Added data type recording to the core. Every other word of memory records the data types in the following word. This is to gain some locality of reference for better cache performance. The memory system always writes 16 bytes to memory regardless of the which store instruction is used. So, by placing the data type in the upper eight bytes for the lower eight bytes, only a single write instruction is required to record both the data type and data value. The data type is recorded on a byte-by-byte basis. A single byte is used to represent the data type primitive. The low order three bits indicate which byte of the primitive is represented. The most significant bit of the data type byte indicates if it’s a pointer. The remaining four bit indicate the type 0 = byte, 1 = 16 bits, 2 = 32 bits, 3 = 64 bits. Other values are reserved for float types.

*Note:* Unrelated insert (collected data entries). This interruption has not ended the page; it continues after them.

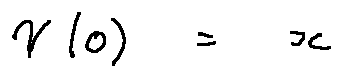Convert formula to latex. <formula><loc_0><loc_0><loc_500><loc_500>\gamma ( 0 ) = x</formula> 
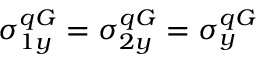Convert formula to latex. <formula><loc_0><loc_0><loc_500><loc_500>\sigma _ { 1 y } ^ { q G } = \sigma _ { 2 y } ^ { q G } = \sigma _ { y } ^ { q G }</formula> 
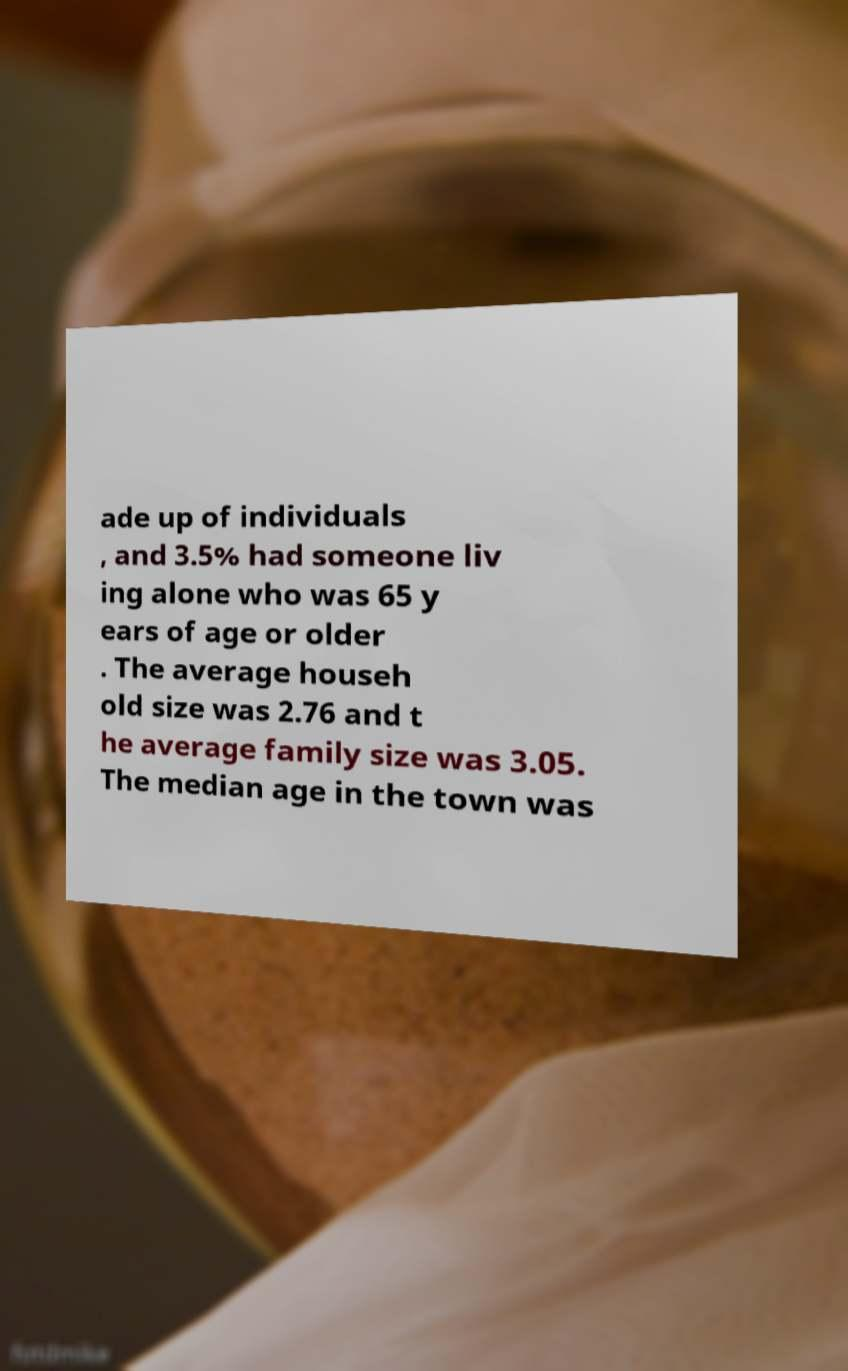There's text embedded in this image that I need extracted. Can you transcribe it verbatim? ade up of individuals , and 3.5% had someone liv ing alone who was 65 y ears of age or older . The average househ old size was 2.76 and t he average family size was 3.05. The median age in the town was

The reason to record the data type is to make pointer detection unambiguous. The author found that without this, it’s possible for a memory cell to be misidentified as a pointer. Although this shouldn’t happen in normal circumstances, there’s always the possibility of a maliciously written program taking advantage of it.

_________________
Robert Finch http://www.finitron.ca


Sun Aug 12, 2018 1:46 am
Profile WWW

Joined: Sat Feb 02, 2013 9:40 am
Posts: 2095
Location: Canada
I have the following code to detect if a value is a pointer:
Code:
// Detect a pointer:
// The lowest five bits must be zero
// The upper 41 bits must be zero (8MB memory range max)
// The magic number should be 'OBJ'

naked inline int IsObjPointer(register int *p)
{
   __asm {
      and      $r1,$r18,#$FFFFFFFFFF80001F
      bne      $r1,$r0,.notptr
      lw      $r1,24[$r18]
      cmp      $r1,$r1,#('O'<<16)|('B'<<8)|('J')
      bne      $r1,$r0,.notptr
      ldi      $r1,#1
      bra      .0001
.notptr:
      ldi      $r1,#0
.0001:
   }
}

So, I’m thinking “Yikes!” that’s a lot of code to detect a pointer, and it’s executed in an inner loop in the GC. The code branches so it might upset the processor’s queue. It would be nice if it could be replaced by a single instruction – isptr. Isptr returns a one in a register if the source register contains a valid pointer, otherwise it returns a zero.
It would work as follows:

Tgt = 0
If ((a & ptrmask)==0)
If (memory[offset+a]==”OBJECT”)
Tgt = 1

It would do a conditional load of memory. It would replace eight instructions with a single instruction with no branching. Probably close to eight times as fast. But, it’s a somewhat application specific instruction.

_________________
Robert Finch http://www.finitron.ca


Mon Aug 13, 2018 3:08 am
Profile WWW

Joined: Wed Jan 09, 2013 6:54 pm
Posts: 1780
In a modern system, where the CPU vastly outpaces RAM, the load from the pointer address might be the most time-consuming part - instruction count not being everything!

The second most costly part could be the branches (although prediction works wonders these days) - finding a way not to branch would be a win. Using a branch to load either 0 or 1 could be avoided by computing a result instead. That would surely mean using a second register, but registers are cheap - and they are there to be used!

That said, there might well be room for one or two CISCy instructions.


Mon Aug 13, 2018 6:05 am
Profile

Joined: Sat Feb 02, 2013 9:40 am
Posts: 2095
Location: Canada
Bought a book on garbage collection.

Given the amount of hardware in machines these days, I’m surprised there isn’t GC accelerator hardware. People spend money on physics accelerators and GPU’s.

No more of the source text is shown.